Associations with anthropometric and behavioral factors
In general, higher body mass index (BMI) was associated with higher levels of all sphingomyelins at baseline. There were also interactions with age for C20:0, C22:0, and C24:0, suggesting that individuals with higher BMI had greater age-related increases in these acyl-chain lengths. The only exception was sphingomyelin C16:0 in which high BMI was associated with lower sphingomyelins (b = −2176.4, P < 0.001). A higher BMI was associated with higher dihydrosphingomyelins C16:0 and C18:0, but with lower C22:0 and C24:0 levels. Compared to BMI, there were fewer associations between WHR and either sphingomyelins or dihydrosphingomyelins. Ever smokers had higher sphingomyelin levels and also higher dihydrosphingomyelin C16:0 levels. Higher depressive symptoms were associated with lower concentrations of sphingomyelins C20:0 and C22:0. There were no associations between depressive symptoms and dihydrosphingomyelins or between antidepressant use and either sphingomyelins or dihydrosphingomyelins.
Associations with blood cholesterol, triglycerides, statins, and APOE e4 genotype
There were positive associations (all P < 0.001) between cholesterol and each sphingomyelin and dihydrosphingomyelin species. As the interactions between cholesterol and age were not significant, the strength of the association did not change with increasing age (Tables3 and 4). In contrast to cholesterol, associations between the sphingomyelins and triglycerides were primarily in the opposite direction. Higher concentrations of sphingomyelin C18:0 and dihydrosphingomyelins C16:0 and C18:0 were associated with higher triglycerides. However, higher levels of all other sphingomyelin and dihydrosphingomyelin species were associated with lower triglycerides. Similar to cholesterol, the relationship between sphingomyelins and triglycerides did not change with increasing age. Statin use at baseline was associated with higher levels of all sphingomyelins, except for C16:0 which was lower in statin users. However, the proportion of individuals taking statins at baseline was small and <6%. Statin use was also associated with higher dihydrosphingomyelin C18:0 at baseline. Individuals with at least one APOE e4 allele had a higher concentration of sphingomyelin C22:1 (b = 4492.9, P = 0.025), but APOE genotype was not significantly associated with other sphingomyelin or dihydrosphingomyelin species.
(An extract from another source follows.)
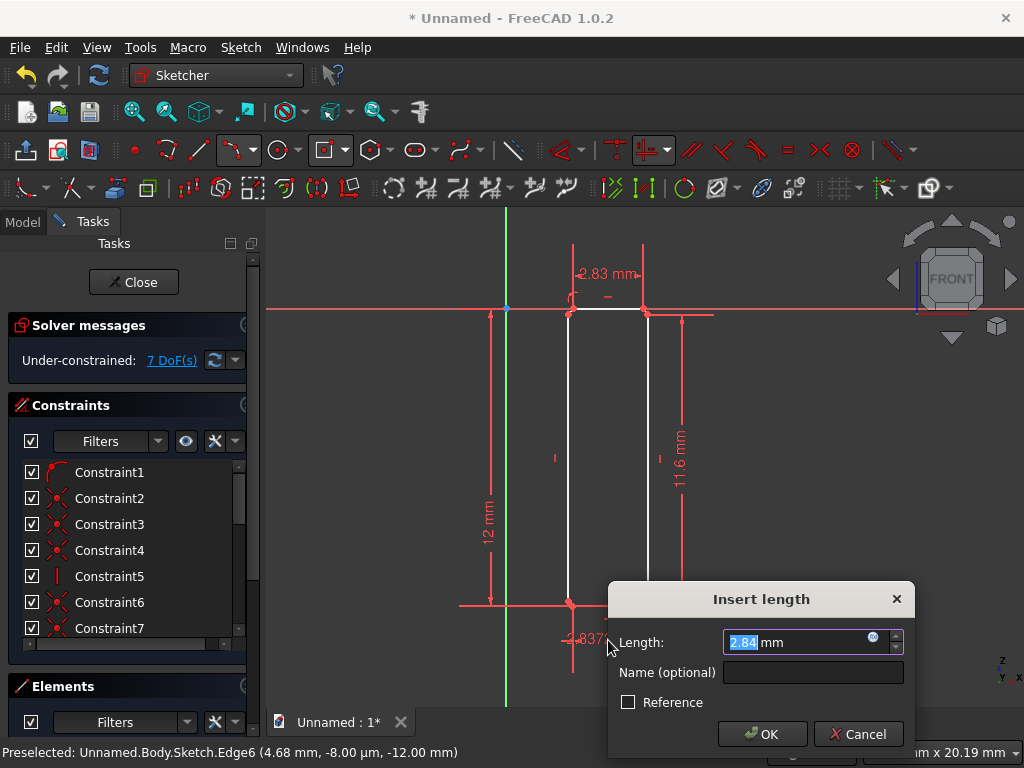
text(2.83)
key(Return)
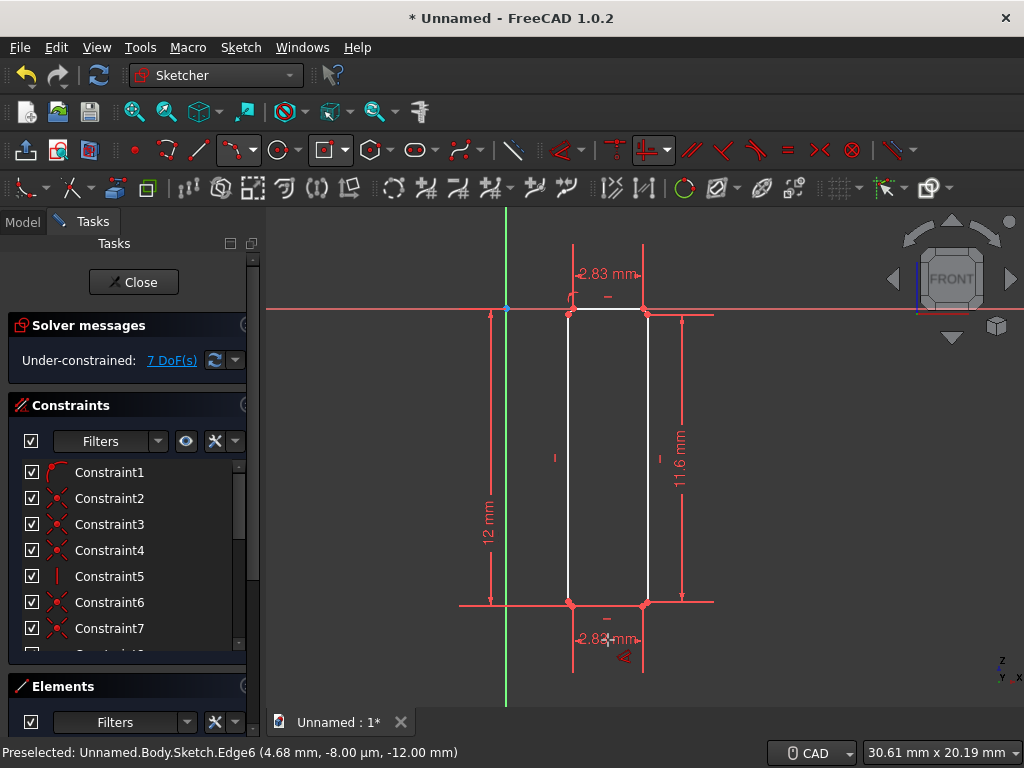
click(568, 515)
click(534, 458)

Associations with specific diseases
In multivariate models, individuals with either prediabetes or diabetes at baseline had significantly lower levels of all sphingomyelins, except C18:0, and dihydrosphingomyelins C16:0 and C18:0 (Tables3 and 4). Individuals with a self-reported history of cancer had higher levels of most sphingomyelins and dihydrosphingomyelins, but we were not able to break down the analyses into specific types of cancer. There were no significant associations between any sphingomyelin or dihydrosphingomyelin species and hypertension.
Discussion
It has been increasingly recognized that lipids are associated with the development and progression of many diseases, as well as aging and longevity (Vaarhorst et al., 2011; Yu et al., 2012; Gonzalez-Covarrubias et al., 2013). Few large-scale clinical and epidemiological studies have examined plasma levels of sphingomyelins and dihydrosphingomyelins. Exploring the ‘normal’ ranges of plasma sphingomyelins and dihydrosphingomyelins by age and sex is important to study whether information of these specific lipid species is useful to assess the risk of many complex diseases that affect older persons and to gain insight into their pathophysiology. In the present study, we quantified plasma levels of individual sphingomyelin and dihydrosphingomyelin species (defined by acyl-chain lengths) in participants of the Baltimore Longitudinal Study of Aging. This included the examination of 14 total species of sphingomyelins and dihydrosphingomyelins and multiple outcomes. While this led to multiple comparisons, this step is critical because the carbon-chain lengths of a lipid species may be differentially associated with specific functions and diseases. In this initial descriptive study, we examined factors previously reported to be associated with each of these lipids to replicate previous findings and to ascertain longitudinal associations over an age-range when chronic diseases start to emerge.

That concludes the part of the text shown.